_Task details_. Copy out the data below, all of it, exactly.

*-*-*

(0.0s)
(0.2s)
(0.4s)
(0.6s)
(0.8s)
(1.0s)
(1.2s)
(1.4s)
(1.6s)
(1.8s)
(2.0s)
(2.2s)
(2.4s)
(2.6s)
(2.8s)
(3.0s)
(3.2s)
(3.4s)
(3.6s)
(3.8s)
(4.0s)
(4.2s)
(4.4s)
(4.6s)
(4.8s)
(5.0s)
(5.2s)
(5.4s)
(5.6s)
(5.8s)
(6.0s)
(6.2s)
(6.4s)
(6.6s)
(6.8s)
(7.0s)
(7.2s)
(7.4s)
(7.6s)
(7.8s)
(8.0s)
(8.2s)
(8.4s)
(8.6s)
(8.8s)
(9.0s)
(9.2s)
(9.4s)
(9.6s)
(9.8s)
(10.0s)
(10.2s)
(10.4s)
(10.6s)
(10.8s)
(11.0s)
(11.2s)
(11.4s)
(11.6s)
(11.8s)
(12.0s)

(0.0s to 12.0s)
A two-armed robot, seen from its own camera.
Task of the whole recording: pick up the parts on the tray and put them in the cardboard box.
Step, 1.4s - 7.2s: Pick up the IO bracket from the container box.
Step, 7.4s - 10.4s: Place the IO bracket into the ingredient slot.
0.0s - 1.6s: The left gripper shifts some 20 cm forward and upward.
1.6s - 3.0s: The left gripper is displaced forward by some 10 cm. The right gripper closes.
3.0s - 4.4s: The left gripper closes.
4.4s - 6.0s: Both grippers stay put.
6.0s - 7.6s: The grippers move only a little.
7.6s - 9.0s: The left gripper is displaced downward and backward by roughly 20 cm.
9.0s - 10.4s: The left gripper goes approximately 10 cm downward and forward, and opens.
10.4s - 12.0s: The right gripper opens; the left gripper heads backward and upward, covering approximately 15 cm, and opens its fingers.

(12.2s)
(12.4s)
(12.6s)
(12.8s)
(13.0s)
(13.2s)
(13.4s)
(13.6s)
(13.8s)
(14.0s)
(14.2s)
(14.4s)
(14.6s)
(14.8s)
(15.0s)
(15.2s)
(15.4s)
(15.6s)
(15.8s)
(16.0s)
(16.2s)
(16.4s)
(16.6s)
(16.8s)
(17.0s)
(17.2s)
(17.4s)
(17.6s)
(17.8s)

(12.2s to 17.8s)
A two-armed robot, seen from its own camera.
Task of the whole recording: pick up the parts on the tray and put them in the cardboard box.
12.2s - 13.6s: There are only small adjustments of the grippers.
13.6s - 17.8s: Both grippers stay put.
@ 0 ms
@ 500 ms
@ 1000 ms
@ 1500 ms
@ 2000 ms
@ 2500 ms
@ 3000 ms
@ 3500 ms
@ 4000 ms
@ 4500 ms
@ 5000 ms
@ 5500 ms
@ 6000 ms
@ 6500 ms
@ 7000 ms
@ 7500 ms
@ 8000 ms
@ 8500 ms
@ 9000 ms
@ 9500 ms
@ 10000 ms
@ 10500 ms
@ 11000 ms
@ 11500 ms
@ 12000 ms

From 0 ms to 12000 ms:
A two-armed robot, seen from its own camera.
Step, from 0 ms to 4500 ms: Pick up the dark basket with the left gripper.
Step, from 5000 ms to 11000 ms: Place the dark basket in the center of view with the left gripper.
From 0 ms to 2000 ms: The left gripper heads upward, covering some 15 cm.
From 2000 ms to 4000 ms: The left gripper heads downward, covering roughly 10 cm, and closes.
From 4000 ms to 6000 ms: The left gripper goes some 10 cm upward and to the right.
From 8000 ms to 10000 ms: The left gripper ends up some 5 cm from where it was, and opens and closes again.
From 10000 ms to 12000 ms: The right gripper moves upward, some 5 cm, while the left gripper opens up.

*-*-*

_Task output_.
(0.0s)
(0.2s)
(0.4s)
(0.6s)
(0.8s)
(1.0s)
(1.2s)
(1.4s)
(1.6s)
(1.8s)
(2.0s)
(2.2s)
(2.4s)
(2.6s)
(2.8s)
(3.0s)
(3.2s)
(3.4s)
(3.6s)
(3.8s)
(4.0s)
(4.2s)
(4.4s)
(4.6s)
(4.8s)
(5.0s)
(5.2s)
(5.4s)
(5.6s)
(5.8s)
(6.0s)
(6.2s)
(6.4s)
(6.6s)
(6.8s)
(7.0s)
(7.2s)
(7.4s)
(7.6s)
(7.8s)
(8.0s)
(8.2s)
(8.4s)
(8.6s)
(8.8s)
(9.0s)
(9.2s)
(9.4s)
(9.6s)
(9.8s)
(10.0s)
(10.2s)
(10.4s)
(10.6s)
(10.8s)
(11.0s)
(11.2s)
(11.4s)
(11.6s)
(11.8s)
(12.0s)

(0.0s to 12.0s)
A two-armed robot, seen from its own camera.
Task of the whole recording: pick up the parts on the tray and put them in the cardboard box.
Step, 1.4s - 7.2s: Pick up the IO bracket from the container box.
Step, 7.4s - 10.4s: Place the IO bracket into the ingredient slot.
0.0s - 1.6s: The left gripper shifts some 20 cm forward and upward.
1.6s - 3.0s: The left gripper is displaced forward by some 10 cm. The right gripper closes.
3.0s - 4.4s: The left gripper closes.
4.4s - 6.0s: Both grippers stay put.
6.0s - 7.6s: The grippers move only a little.
7.6s - 9.0s: The left gripper is displaced downward and backward by roughly 20 cm.
9.0s - 10.4s: The left gripper goes approximately 10 cm downward and forward, and opens.
10.4s - 12.0s: The right gripper opens; the left gripper heads backward and upward, covering approximately 15 cm, and opens its fingers.

(12.2s)
(12.4s)
(12.6s)
(12.8s)
(13.0s)
(13.2s)
(13.4s)
(13.6s)
(13.8s)
(14.0s)
(14.2s)
(14.4s)
(14.6s)
(14.8s)
(15.0s)
(15.2s)
(15.4s)
(15.6s)
(15.8s)
(16.0s)
(16.2s)
(16.4s)
(16.6s)
(16.8s)
(17.0s)
(17.2s)
(17.4s)
(17.6s)
(17.8s)

(12.2s to 17.8s)
A two-armed robot, seen from its own camera.
Task of the whole recording: pick up the parts on the tray and put them in the cardboard box.
12.2s - 13.6s: There are only small adjustments of the grippers.
13.6s - 17.8s: Both grippers stay put.
@ 0 ms
@ 500 ms
@ 1000 ms
@ 1500 ms
@ 2000 ms
@ 2500 ms
@ 3000 ms
@ 3500 ms
@ 4000 ms
@ 4500 ms
@ 5000 ms
@ 5500 ms
@ 6000 ms
@ 6500 ms
@ 7000 ms
@ 7500 ms
@ 8000 ms
@ 8500 ms
@ 9000 ms
@ 9500 ms
@ 10000 ms
@ 10500 ms
@ 11000 ms
@ 11500 ms
@ 12000 ms

From 0 ms to 12000 ms:
A two-armed robot, seen from its own camera.
Step, from 0 ms to 4500 ms: Pick up the dark basket with the left gripper.
Step, from 5000 ms to 11000 ms: Place the dark basket in the center of view with the left gripper.
From 0 ms to 2000 ms: The left gripper heads upward, covering some 15 cm.
From 2000 ms to 4000 ms: The left gripper heads downward, covering roughly 10 cm, and closes.
From 4000 ms to 6000 ms: The left gripper goes some 10 cm upward and to the right.
From 8000 ms to 10000 ms: The left gripper ends up some 5 cm from where it was, and opens and closes again.
From 10000 ms to 12000 ms: The right gripper moves upward, some 5 cm, while the left gripper opens up.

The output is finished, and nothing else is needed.